Yesterday was Mother's Day.
In the LGBT community, this day - along with its twin, Father's Day - has special significance. This day marks a point of special remembrance for those of us with positive, supportive parents, and it's a sad spot of bittersweet for folks whose parents did not embrace their LGBT kid.
For gay parents, it's a point of pride: "We're parents!" It's also almost always a source of initial consternation for parents and teachers. If both parents are guys, does one take Mother's Day and one take Father's Day? What do teachers have kids do for a Mother's Day craft if there's no mother in the picture? What about trans parents?
Fortunately, ultimately, issues of sex and gender aren't generally that troublesome for LGBT folks. I have gay dad friends who have one partner take Mother's Day and one take Father's Day. I also know couples where both lesbian parents take Mother's Day - it's two-times the work for the kid, but then they get to skip Father's Day. And my trans parental friends get the day of their target sex.

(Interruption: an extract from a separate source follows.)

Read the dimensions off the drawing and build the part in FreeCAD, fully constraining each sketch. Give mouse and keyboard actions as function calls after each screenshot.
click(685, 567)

As for schools, teachers have been handling issues like this forever, what with the supply of single and adoptive parents. On Mother's Day if there are only dads in the parental picture, generally the teachers have the kid do a craft for a special aunt, or grandmother, or even for their dad(s). The point is to honor a special person (or people). There's no need to get bogged down in the details. The goal is familial joy, not stress (though most happy families get to have both!).
(The Washington Post has a blog article on this very topic. Also, The Guardian across the pond has an article on how more gay people are becoming parents and how that's affecting gay spending (or as they call it, "the pink pound").)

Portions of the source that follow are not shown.